### Records for this exercise
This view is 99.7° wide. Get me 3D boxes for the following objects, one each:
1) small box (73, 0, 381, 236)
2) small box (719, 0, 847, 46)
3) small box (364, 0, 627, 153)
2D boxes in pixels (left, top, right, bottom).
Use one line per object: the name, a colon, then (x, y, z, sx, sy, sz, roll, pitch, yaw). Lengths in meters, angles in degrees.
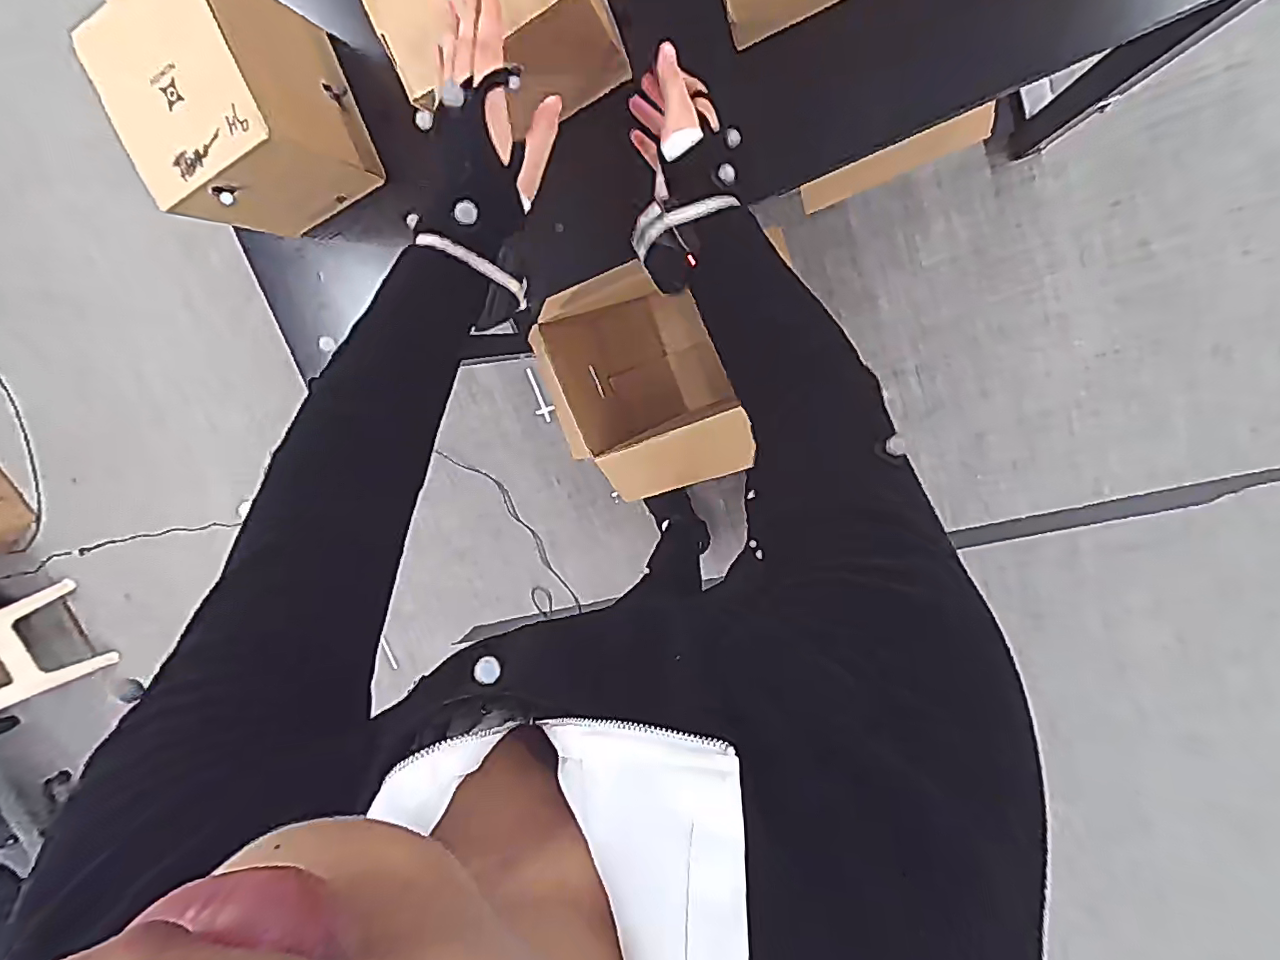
---
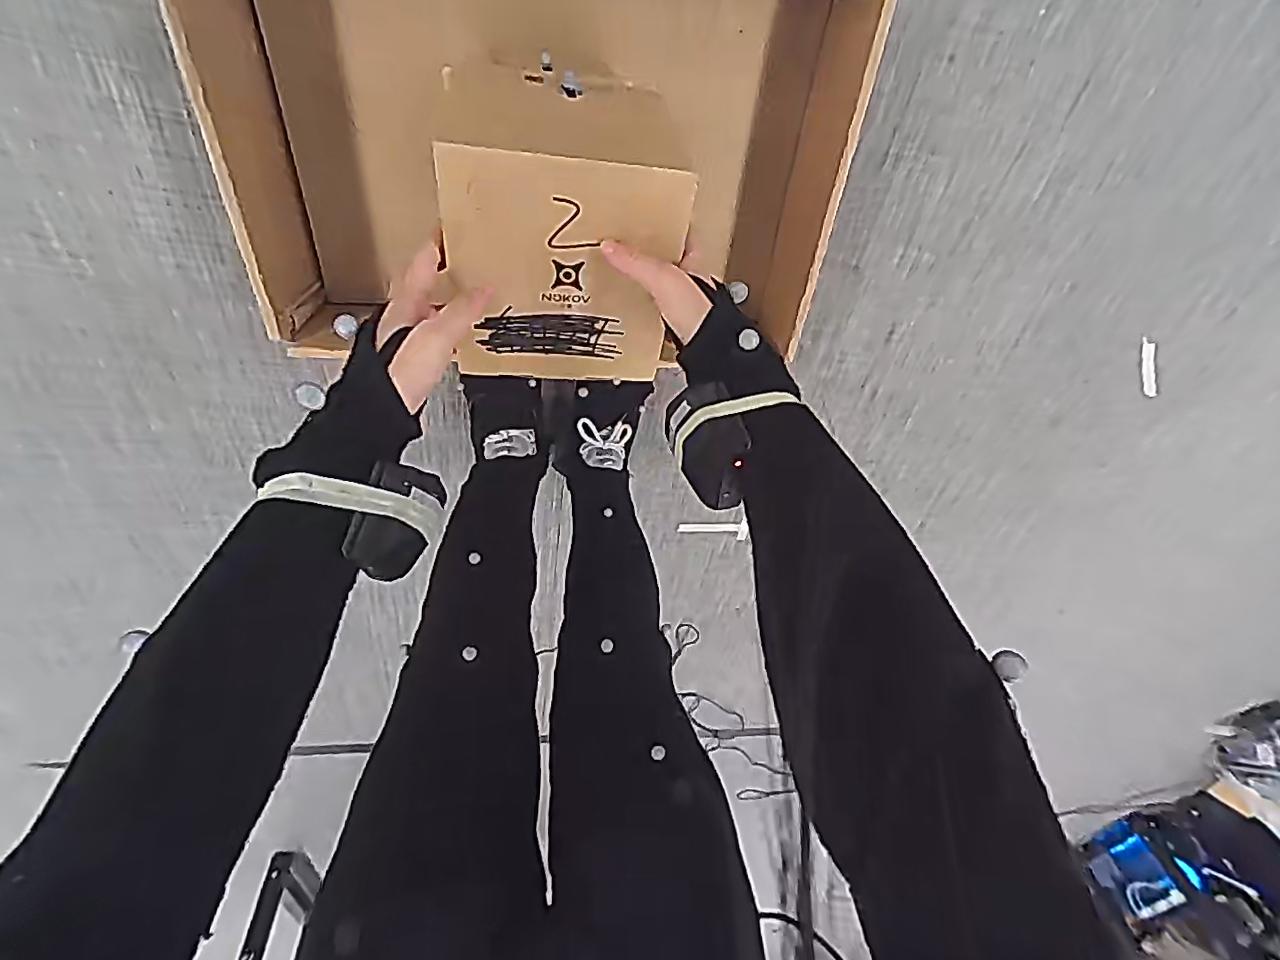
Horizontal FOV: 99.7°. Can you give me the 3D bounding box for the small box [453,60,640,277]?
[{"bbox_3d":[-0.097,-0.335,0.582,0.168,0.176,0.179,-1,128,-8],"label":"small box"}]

### Problem details
In the listing above, find the line with "This view is" and the line with "2D boxes in", then print exactly those two lines and every line between them, and nothing more.

### Answer to this exercise
This view is 99.7° wide. Get me 3D boxes for the following objects, one each:
1) small box (73, 0, 381, 236)
2) small box (719, 0, 847, 46)
3) small box (364, 0, 627, 153)
2D boxes in pixels (left, top, right, bottom).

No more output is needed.